• Stored items from a collection
------------------------------------------------

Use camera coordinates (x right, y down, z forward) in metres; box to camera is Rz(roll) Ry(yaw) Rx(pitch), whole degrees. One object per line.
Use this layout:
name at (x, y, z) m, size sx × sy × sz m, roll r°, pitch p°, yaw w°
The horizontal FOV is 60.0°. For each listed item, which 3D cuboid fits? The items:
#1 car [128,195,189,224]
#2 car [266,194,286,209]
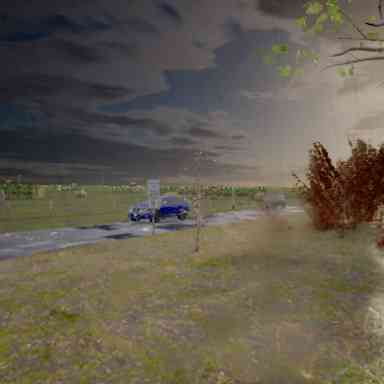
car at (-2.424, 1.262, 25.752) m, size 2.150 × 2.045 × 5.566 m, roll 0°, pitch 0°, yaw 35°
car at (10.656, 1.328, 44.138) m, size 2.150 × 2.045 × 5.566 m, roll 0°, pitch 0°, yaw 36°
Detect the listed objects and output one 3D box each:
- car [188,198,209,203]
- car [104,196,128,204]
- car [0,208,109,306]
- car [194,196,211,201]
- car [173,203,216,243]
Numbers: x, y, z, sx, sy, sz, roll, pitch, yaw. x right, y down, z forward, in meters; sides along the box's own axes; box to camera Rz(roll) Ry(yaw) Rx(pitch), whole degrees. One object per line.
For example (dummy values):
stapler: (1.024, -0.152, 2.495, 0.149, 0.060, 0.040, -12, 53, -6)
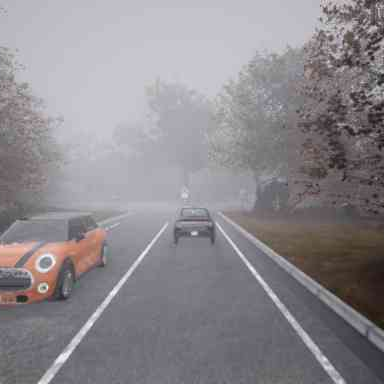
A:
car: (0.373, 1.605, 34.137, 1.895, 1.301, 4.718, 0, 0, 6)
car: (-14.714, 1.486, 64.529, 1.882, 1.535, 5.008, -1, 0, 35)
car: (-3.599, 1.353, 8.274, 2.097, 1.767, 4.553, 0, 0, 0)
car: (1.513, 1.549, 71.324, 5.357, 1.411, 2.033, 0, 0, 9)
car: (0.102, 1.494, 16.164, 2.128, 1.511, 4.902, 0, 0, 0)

------------------------------------------------

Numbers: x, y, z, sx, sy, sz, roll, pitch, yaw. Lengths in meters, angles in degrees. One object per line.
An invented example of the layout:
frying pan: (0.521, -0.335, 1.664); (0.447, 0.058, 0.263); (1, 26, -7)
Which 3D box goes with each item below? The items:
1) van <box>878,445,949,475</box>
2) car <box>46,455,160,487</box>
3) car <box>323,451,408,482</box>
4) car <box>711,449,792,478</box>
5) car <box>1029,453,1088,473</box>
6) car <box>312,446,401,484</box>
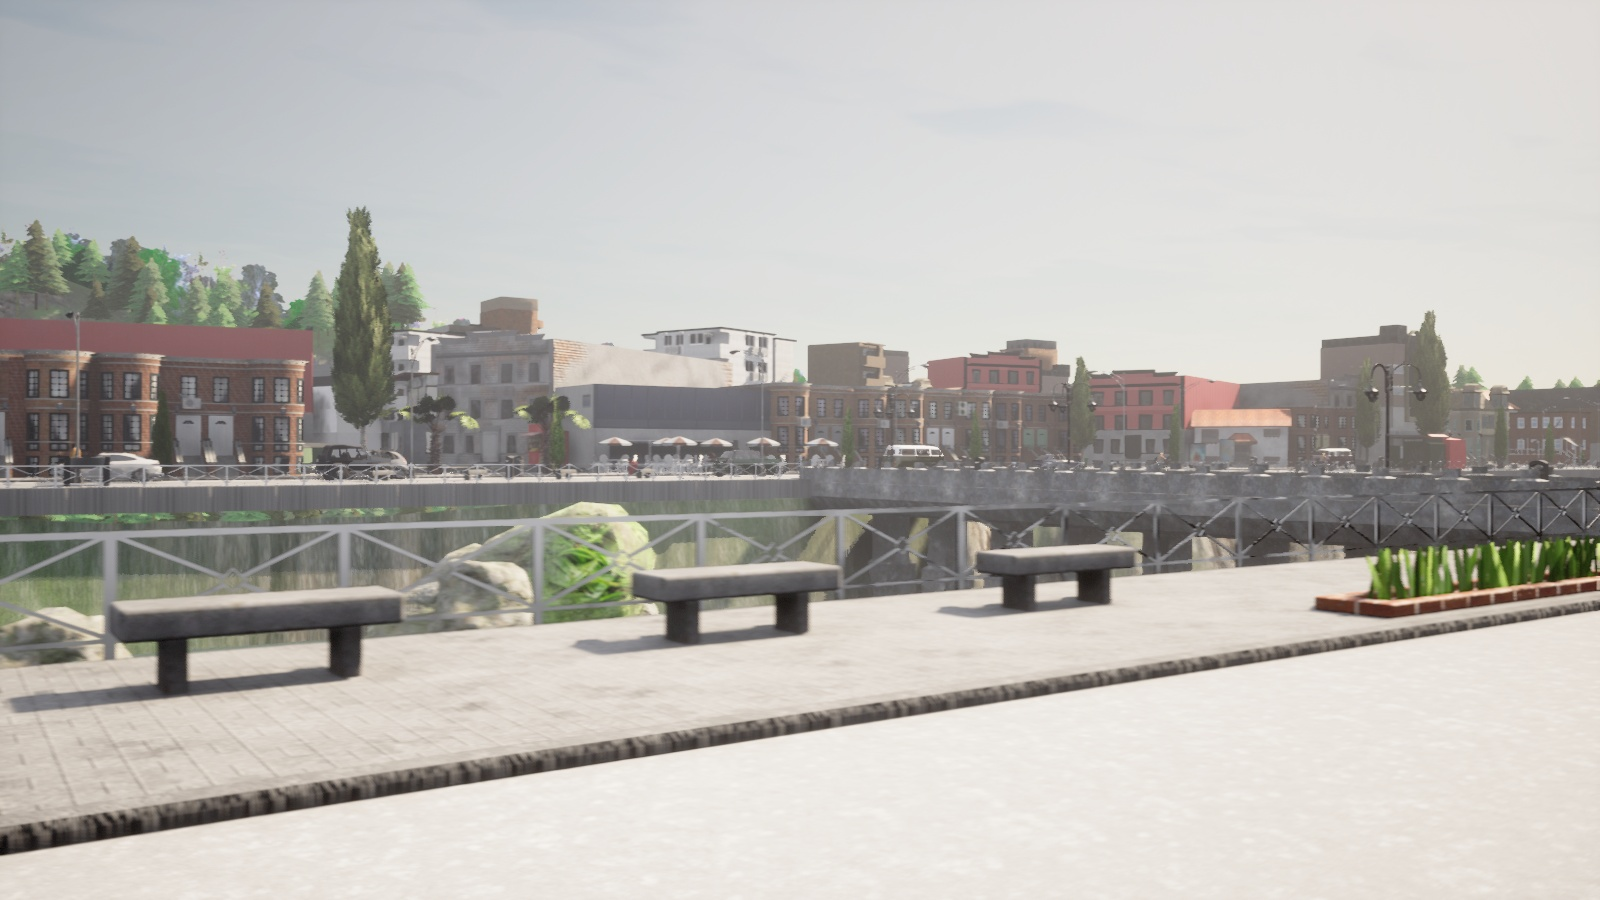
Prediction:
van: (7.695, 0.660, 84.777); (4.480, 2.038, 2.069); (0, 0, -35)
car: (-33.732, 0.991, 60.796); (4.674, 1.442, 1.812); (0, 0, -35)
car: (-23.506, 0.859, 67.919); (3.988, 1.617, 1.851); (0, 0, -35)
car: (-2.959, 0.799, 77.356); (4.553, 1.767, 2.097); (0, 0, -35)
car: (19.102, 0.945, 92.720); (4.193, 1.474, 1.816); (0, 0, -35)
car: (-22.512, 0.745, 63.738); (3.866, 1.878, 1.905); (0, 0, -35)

------------------------------------------------

• WHAT TO WORK ON
Return exactly the lines that appear in the data above between the line containing "#1 car [128,195,189,224]" and the line containing "-12, 53, -6)", both of which are included, and leave the pictures out.

• RESPONSE TO THIS TASK
#1 car [128,195,189,224]
#2 car [266,194,286,209]
car at (-2.424, 1.262, 25.752) m, size 2.150 × 2.045 × 5.566 m, roll 0°, pitch 0°, yaw 35°
car at (10.656, 1.328, 44.138) m, size 2.150 × 2.045 × 5.566 m, roll 0°, pitch 0°, yaw 36°
Detect the listed objects and output one 3D box each:
- car [188,198,209,203]
- car [104,196,128,204]
- car [0,208,109,306]
- car [194,196,211,201]
- car [173,203,216,243]
Numbers: x, y, z, sx, sy, sz, roll, pitch, yaw. x right, y down, z forward, in meters; sides along the box's own axes; box to camera Rz(roll) Ry(yaw) Rx(pitch), whole degrees. One object per line.
For example (dummy values):
stapler: (1.024, -0.152, 2.495, 0.149, 0.060, 0.040, -12, 53, -6)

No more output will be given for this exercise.